The Board is independent of the founders, as well as of the entity that elected them. The Board organises itself, including electing a chair. If a board member leaves the Board before their term has concluded, a new member shall be elected in their stead by the entity that elected the outgoing member.

If, for any reason, there is no Board, then a new Board will be appointed by the Faroese Government. 

It is the aim that the Board should, as a minimum, be equipped with the following competences and experience: fisheries, aquaculture, research, international cooperation, innovation, new knowledge application, product development, production development and market development, macro economics applied to marine resources, sustainable development and administration of fisheries and aquaculture industries.  

The Board is entrusted with the governance of the Foundation in all matters and areas. No decisions can be made at board meetings, unless a majority of board members are present.

Decisions will be made following ordinary majority procedures. In case of ties, the chair shall have the casting vote. All activities at board meetings shall be entered into a minute book, which shall be signed by the Board. The Board establishes its own working procedures. 

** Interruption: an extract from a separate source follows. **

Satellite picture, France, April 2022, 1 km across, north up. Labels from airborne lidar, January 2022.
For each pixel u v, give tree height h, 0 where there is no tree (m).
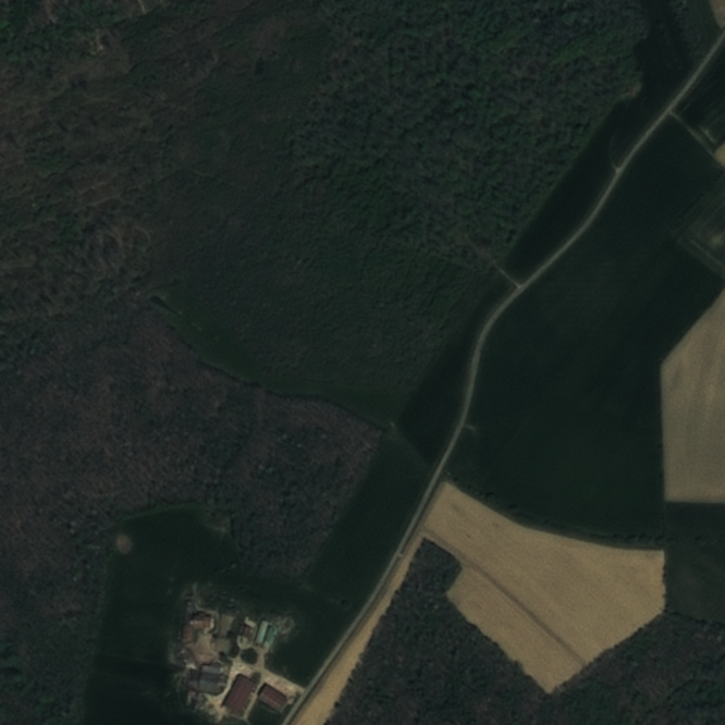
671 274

The Board exercises oversight of the Foundation’s finances. All expenses arising from the establishment of the Foundation shall be paid for by the Foundation.

The Board shall receive fees in accordance with the generally applicable public rules and regulations on allowances and attendance fees.  

Art. 5  Management 

The Foundation will recruit a Director to tend to its day-to-day management. The Director is empowered to recruit people to work for the Foundation.  

Art. 6  Subscription rights 

The Foundation shall be bound by the signature of the Chair together with the Director or two of its board members acting together.  

Art. 7  Accounting 

The Director shall set up the annual accounts, which are subject to the approval of the Board. The accounting year is the calendar year. The first set of annual accounts shall open on establishment and close at the end of 2020. An auditor selected by the Board shall audit the accounts. 

Art. 8  Use of profits

Any annual profits shall be used to pursue the Foundation’s purposes.  

Art. 9  Amending the Articles of Association and dissolution 

The Board may with a majority of 4/5 of its members adopt any amendments to these Articles of Association and unanimously decide to dissolve the Foundation. In case of dissolution of the Foundation, its assets shall be transferred to Research Council Faroe Islands for administration pursuant to the Foundation’s purposes.